Bei so viel Aktivität darf der Konkurrent nicht schlafen: Laut „Wall Street Journal“ verhandelt Apple derzeit mit den größten Kabelanbietern der USA, um Live-Fernsehsendungen über seine Set-Top-Box anbieten zu können. Bisher können über Apple TV nur Medieninhalte wie Videos oder Fotos vom eigenen Computer oder aus dem Internet auf dem Fernsehgerät angezeigt werden. Doch die Kabelbetreiber zögern. Sie hätten Angst, das gleiche Schicksal zu erleiden wie Plattenfirmen und Telefongesellschaften: Apple diktiert die Bedingungen.

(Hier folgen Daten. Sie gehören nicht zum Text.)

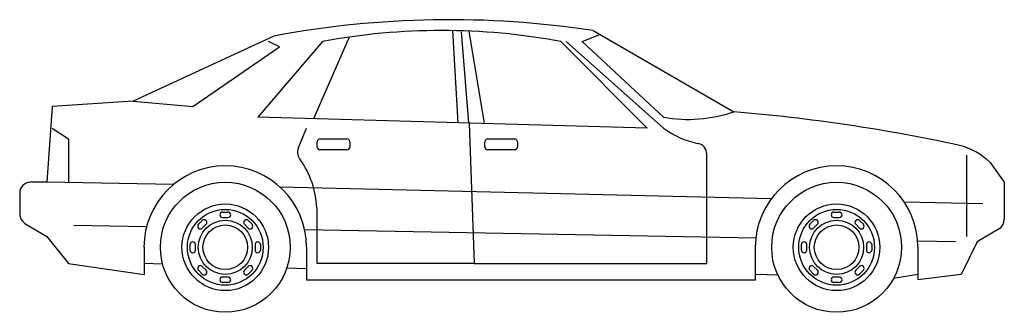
# Model space of a CAD drawing. Extents: x 50 to 232, y -27 to 27.
import ezdxf

# ---------------------------------------------------------------- set-up
doc = ezdxf.new("R2010")
doc.units = 0
doc.layers.get('0').update_dxf_attribs({"linetype": 'CONTINUOUS'})
doc.layers.add('CAR_DTL', color=7, linetype='CONTINUOUS')

msp = doc.modelspace()

# ---------------------------------------------------------------- linework, layer by layer
at = {"color": 0}
for p, q in [((97, 24), (71, 12)), ((110.91, 23.8), (104.31, 8.71)), ((130, 25), (131, 7.97)), ((133.01, 24.91), (135.86, 7.84)), ((154, 23), (157.23, 24.29)), ((156, 25), (182, 10)), ((82, 11), (98, 22)), ((106, 23), (94, 9)), ((98, 22), (96, 23)), ((166, 7), (150, 23)), ((154, 23), (169, 9)), ((56, 11), (55, -3)), ((71, 12), (56, 11)), ((71, 12), (82, 11)), ((166, 7), (94, 9)), ((56, 7), (59, 5)), ((59, 5), (59, -3)), ((229.36, 0.64), (232, -3)), ((55, -3), (52, -3)), ((232, -3), (232, -9.87)), ((50, -5), (50, -8.87)), ((50.97, -10.58), (55, -13)), ((231.03, -11.58), (227, -14)), ((55, -13), (59, -18)), ((227, -14), (224, -20)), ((73, -15), (73, -20)), ((103, -15), (103, -21)), ((186, -21), (186, -15)), ((216, -15), (216, -21)), ((59, -18), (73, -20)), ((224, -20), (216, -21)), ((103, -21), (186, -21))]:
    msp.add_line(p, q, dxfattribs=at)
for centre, radius in [((88, -15), 12), ((201, -15), 12), ((88, -15), 8), ((201, -15), 8), ((88, -15), 4.12), ((201, -15), 4.12)]:
    msp.add_circle(centre, radius, dxfattribs=at)
for centre, radius, start, end in [((129.44, -148.76), 175.78, 81.3083, 100.6338), ((128, -96), 121.02, 79.5258, 100.4742), ((173.5, 35.5), 26.88, 260.3625, 288.4349), ((156.43, -306.07), 317.1, 77.7539, 85.3752), ((220.88, -7.85), 12, 45, 76.4284), ((88, -15), 15.03, 0, 180), ((201, -15), 15.03, 0, 180), ((52, -5), 2, 90, 180), ((52, -8.87), 2, 180, 239.0362), ((230, -9.87), 2, 300.9638, 0)]:
    msp.add_arc(centre, radius, start, end, dxfattribs=at)
at = {"layer": 'CAR_DTL', "color": 0}
for p, q in [((133, 8), (131.65, 24.76)), ((169, 7), (151, 23)), ((133.11, 7.91), (134, -18)), ((101.5, 3.25), (103, 7)), ((105, 3.5), (105, 4.5)), ((105.5, 5), (110.5, 5)), ((111, 4.5), (111, 3.5)), ((136, 3.5), (136, 4.5)), ((136.5, 5), (141.5, 5)), ((142, 4.5), (142, 3.5)), ((110.5, 3), (105.5, 3)), ((141.5, 3), (136.5, 3)), ((177, -18), (177, 2.21)), ((225, 2), (225, -13)), ((78.42, -3.42), (55, -3)), ((188.91, -6.06), (98.13, -3.89)), ((228, -7), (213.5, -6.65)), ((87.5, -8.5), (88.5, -8.5)), ((105, -18), (105, -8.19)), ((200.5, -8.5), (201.5, -8.5)), ((83.05, -10.76), (83.76, -10.05)), ((83.76, -11.46), (84.46, -10.76)), ((87.5, -9.5), (88.5, -9.5)), ((91.54, -10.76), (92.24, -11.46)), ((92.24, -10.05), (92.95, -10.76)), ((196.05, -10.76), (196.76, -10.05)), ((196.76, -11.46), (197.46, -10.76)), ((200.5, -9.5), (201.5, -9.5)), ((204.54, -10.76), (205.24, -11.46)), ((205.24, -10.05), (205.95, -10.76)), ((73.44, -11.25), (60, -11)), ((186.06, -13.32), (102.69, -11.79)), ((81.5, -15.5), (81.5, -14.5)), ((82.5, -15.5), (82.5, -14.5)), ((93.5, -14.5), (93.5, -15.5)), ((94.5, -14.5), (94.5, -15.5)), ((194.5, -15.5), (194.5, -14.5)), ((195.5, -15.5), (195.5, -14.5)), ((206.5, -14.5), (206.5, -15.5)), ((207.5, -14.5), (207.5, -15.5)), ((223, -14), (215.99, -13.87)), ((76.41, -18.11), (73, -18)), ((134, -18), (105, -18)), ((134, -18), (177, -18)), ((83.76, -19.95), (83.05, -19.24)), ((84.46, -19.24), (83.76, -18.54)), ((92.24, -18.54), (91.54, -19.24)), ((92.95, -19.24), (92.24, -19.95)), ((103, -19), (99.36, -18.88)), ((190.17, -20.17), (186, -20)), ((196.76, -19.95), (196.05, -19.24)), ((197.46, -19.24), (196.76, -18.54)), ((205.24, -18.54), (204.54, -19.24)), ((205.95, -19.24), (205.24, -19.95)), ((216, -20), (211.54, -20.74)), ((88.5, -20.5), (87.5, -20.5)), ((88.5, -21.5), (87.5, -21.5)), ((201.5, -20.5), (200.5, -20.5)), ((201.5, -21.5), (200.5, -21.5))]:
    msp.add_line(p, q, dxfattribs=at)
for centre, radius in [((88, -15), 7), ((201, -15), 7), ((88, -15), 5), ((201, -15), 5)]:
    msp.add_circle(centre, radius, dxfattribs=at)
for centre, radius, start, end in [((178.78, 20.42), 16.61, 233.9302, 257.7858), ((105.5, 4.5), 0.5, 90, 180), ((110.5, 4.5), 0.5, 0, 90), ((136.5, 4.5), 0.5, 90, 180), ((141.5, 4.5), 0.5, 0, 90), ((175, 2.21), 2, 0, 82.4126), ((103.36, 2.5), 2, 158.1986, 224.2011), ((105.5, 3.5), 0.5, 180, 270), ((110.5, 3.5), 0.5, 270, 0), ((136.5, 3.5), 0.5, 180, 270), ((141.5, 3.5), 0.5, 270, 0), ((87.89, -8.6), 17.07, 3.1492, 34.6857), ((87.5, -9), 0.5, 90, 270), ((88.5, -9), 0.5, 270, 90), ((103, -8.19), 2, 0, 15.2173), ((200.5, -9), 0.5, 90, 270), ((201.5, -9), 0.5, 270, 90), ((83.4, -11.11), 0.5, 135, 315), ((84.11, -10.4), 0.5, 315, 135), ((91.89, -10.4), 0.5, 45, 225), ((92.6, -11.11), 0.5, 225, 45), ((196.4, -11.11), 0.5, 135, 315), ((197.11, -10.4), 0.5, 315, 135), ((204.89, -10.4), 0.5, 45, 225), ((205.6, -11.11), 0.5, 225, 45), ((82, -14.5), 0.5, 0, 180), ((94, -14.5), 0.5, 0, 180), ((195, -14.5), 0.5, 0, 180), ((207, -14.5), 0.5, 0, 180), ((82, -15.5), 0.5, 180, 0), ((94, -15.5), 0.5, 180, 0), ((195, -15.5), 0.5, 180, 0), ((207, -15.5), 0.5, 180, 0), ((83.4, -18.89), 0.5, 45, 225), ((84.11, -19.6), 0.5, 225, 45), ((91.89, -19.6), 0.5, 135, 315), ((92.6, -18.89), 0.5, 315, 135), ((196.4, -18.89), 0.5, 45, 225), ((197.11, -19.6), 0.5, 225, 45), ((204.89, -19.6), 0.5, 135, 315), ((205.6, -18.89), 0.5, 315, 135), ((87.5, -21), 0.5, 90, 270), ((88.5, -21), 0.5, 270, 90), ((200.5, -21), 0.5, 90, 270), ((201.5, -21), 0.5, 270, 90)]:
    msp.add_arc(centre, radius, start, end, dxfattribs=at)

doc.saveas('drawing.dxf')

Die TV-Sender leiden unter der zunehmenden Konkurrenz.
Ein Beispiel für die Krise ist News-Pionier CNN. Denn wer braucht heute noch 24-Stunden-Nachrichten, wenn man das Neueste sofort via Alarmmeldung oder Twitter auf dem Handy lesen kann, wenn die interessantesten Videos zum aktuellen Weltgeschehen auf YouTube die Runde machen? CNN habe im zweiten Quartal 2012 die geringsten Zuschauerzahlen seit 1991 gehabt, berichtet das Berliner Institut für Medien- und Kommunikationspolitik. Vor allem bei 25- bis 54-Jährigen verliere der Sender an Relevanz: „Die jüngeren Werbezeitverkäufer großer Unternehmen kennen CNN und seine prominente Stellung in der Medienlandschaft der 1990er-Jahre oftmals nicht mehr und buchen keine Werbeslots.“
24-Stunden-Nachrichten-TV ist obsolet
Das Konzept des 24-Stunden-Nachrichtenkanals sei „in Zeiten des Internets teilweise obsolet“, analysiert das IfM. Noch ein Problem: CNN sei – im Gegensatz zu den Konkurrenten Fox News und MSNBC – nicht auf einer politischen Seite, sondern bemühe sich um Neutralität. Aber genau das will die Generation Internet, die von den Breaking News ohnehin über ihre Sozialen Netzwerke erfährt, gar nicht: Sie will vom Fernsehen (und von den Printmedien) Meinungen, die helfen, die Information einzuordnen. CNN brauche „neues Denken“, meint Jim Walton – er ist seit zehn Jahren CNN-Präsident. Mit Jahresende gibt er auf.
Auch die „Simpsons“ – die erfolgreichste US-TV-Serie – leiden unter dem härteren Wettbewerb. Der US-Sender Fox, der sie seit 1989 produziert, wollte 2011, nachdem die Seherzahlen um ein Fünftel geschrumpft waren, die Gagen für die Sprecher um 45 Prozent reduzieren und drohte, „keine weiteren Staffeln zu produzieren“. Man einigte sich dann doch – für zwei Jahre. Dann muss Homer wieder einmal um seinen Job zittern.